(Stored items from a collection)

-*-

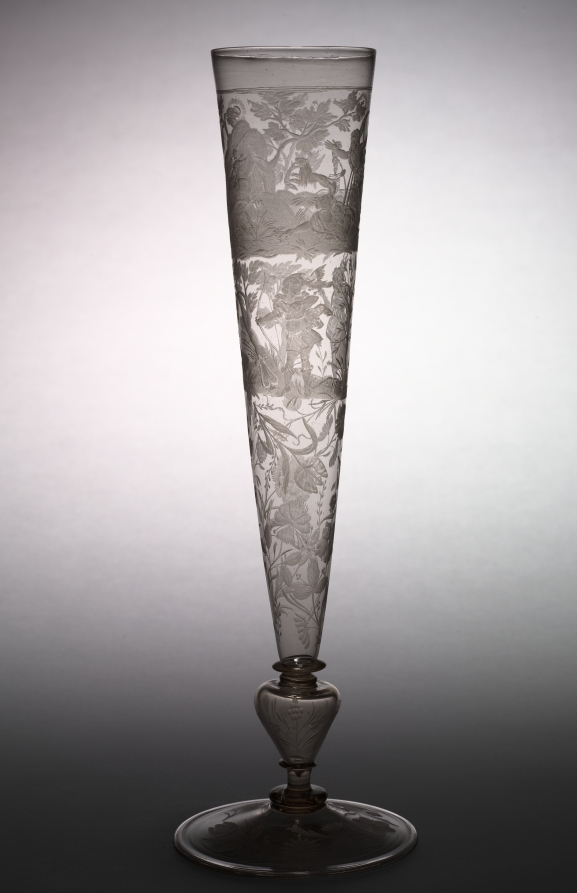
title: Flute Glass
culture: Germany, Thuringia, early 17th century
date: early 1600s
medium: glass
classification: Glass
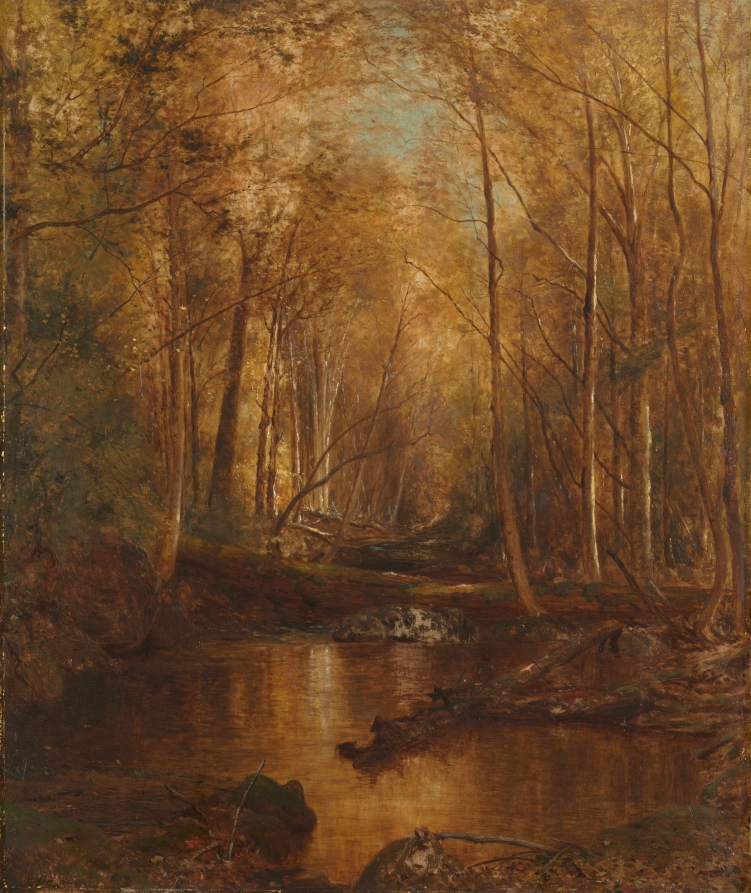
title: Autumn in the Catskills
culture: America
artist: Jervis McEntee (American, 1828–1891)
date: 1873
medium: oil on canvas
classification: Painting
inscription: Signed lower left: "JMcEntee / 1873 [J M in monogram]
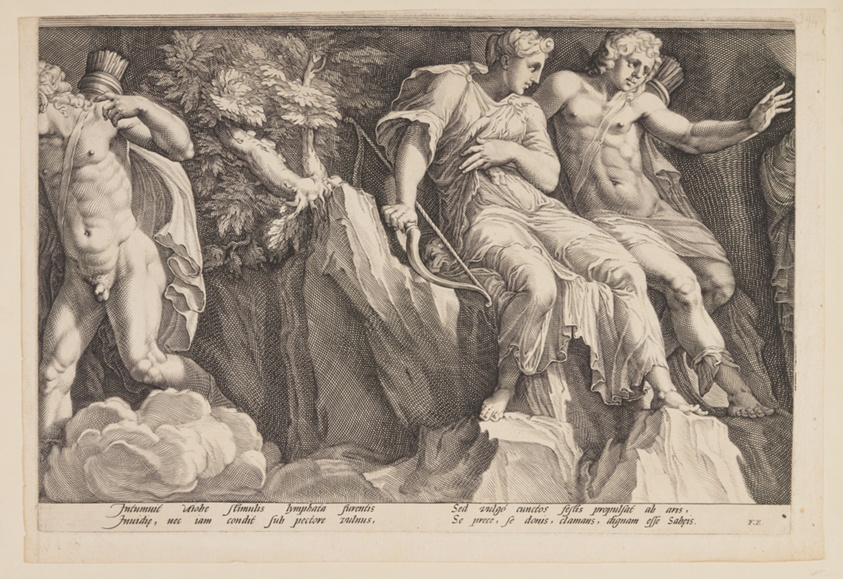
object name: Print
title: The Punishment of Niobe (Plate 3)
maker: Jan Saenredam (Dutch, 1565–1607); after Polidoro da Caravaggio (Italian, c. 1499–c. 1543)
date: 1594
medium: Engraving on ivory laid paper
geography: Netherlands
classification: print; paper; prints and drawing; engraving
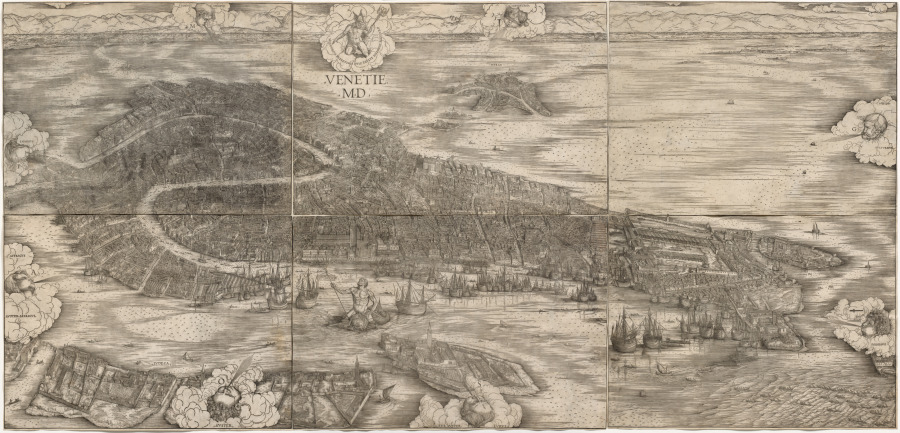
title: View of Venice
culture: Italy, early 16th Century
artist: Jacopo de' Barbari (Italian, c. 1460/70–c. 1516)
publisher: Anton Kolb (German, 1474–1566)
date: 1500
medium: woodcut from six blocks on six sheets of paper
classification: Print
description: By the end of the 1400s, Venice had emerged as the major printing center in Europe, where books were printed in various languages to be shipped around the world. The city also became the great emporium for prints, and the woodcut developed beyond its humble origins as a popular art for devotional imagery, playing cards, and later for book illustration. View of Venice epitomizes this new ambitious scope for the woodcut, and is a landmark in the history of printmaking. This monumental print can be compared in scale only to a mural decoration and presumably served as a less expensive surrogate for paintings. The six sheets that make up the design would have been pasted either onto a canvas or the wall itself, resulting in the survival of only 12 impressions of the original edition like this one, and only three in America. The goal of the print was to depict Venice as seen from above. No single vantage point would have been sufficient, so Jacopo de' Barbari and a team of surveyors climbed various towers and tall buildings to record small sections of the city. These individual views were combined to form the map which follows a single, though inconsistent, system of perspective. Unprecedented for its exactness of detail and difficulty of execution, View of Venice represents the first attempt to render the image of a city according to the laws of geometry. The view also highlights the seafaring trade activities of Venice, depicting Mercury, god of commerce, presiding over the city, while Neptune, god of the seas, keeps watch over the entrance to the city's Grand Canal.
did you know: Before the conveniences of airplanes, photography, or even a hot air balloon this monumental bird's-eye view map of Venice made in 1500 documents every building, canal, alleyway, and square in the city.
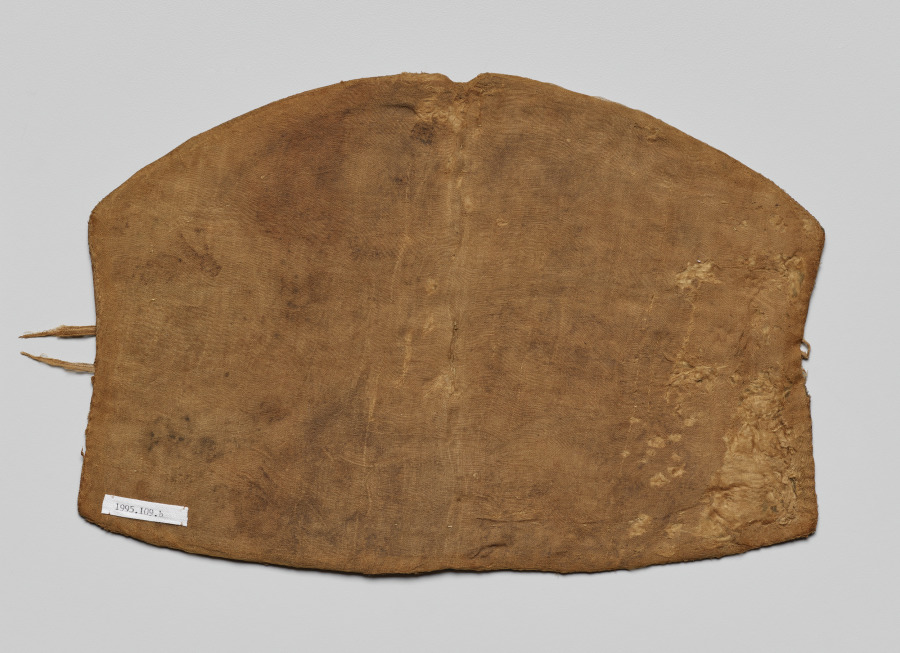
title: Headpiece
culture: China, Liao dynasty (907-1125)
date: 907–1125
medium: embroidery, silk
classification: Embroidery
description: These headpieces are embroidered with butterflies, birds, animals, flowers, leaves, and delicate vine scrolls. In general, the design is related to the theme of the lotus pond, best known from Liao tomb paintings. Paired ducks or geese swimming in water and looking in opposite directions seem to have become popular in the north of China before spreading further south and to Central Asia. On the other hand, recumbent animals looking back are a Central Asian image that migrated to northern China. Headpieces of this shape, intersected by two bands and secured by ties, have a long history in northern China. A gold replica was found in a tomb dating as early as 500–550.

-*-

:: ACTIVITY ::
Extract, word for word, each line from the top of the data down to and including the line with "title: View of Venice"; skip the pictures.

:: WRITTEN ANSWER ::
title: Flute Glass
culture: Germany, Thuringia, early 17th century
date: early 1600s
medium: glass
classification: Glass
title: Autumn in the Catskills
culture: America
artist: Jervis McEntee (American, 1828–1891)
date: 1873
medium: oil on canvas
classification: Painting
inscription: Signed lower left: "JMcEntee / 1873 [J M in monogram]
object name: Print
title: The Punishment of Niobe (Plate 3)
maker: Jan Saenredam (Dutch, 1565–1607); after Polidoro da Caravaggio (Italian, c. 1499–c. 1543)
date: 1594
medium: Engraving on ivory laid paper
geography: Netherlands
classification: print; paper; prints and drawing; engraving
title: View of Venice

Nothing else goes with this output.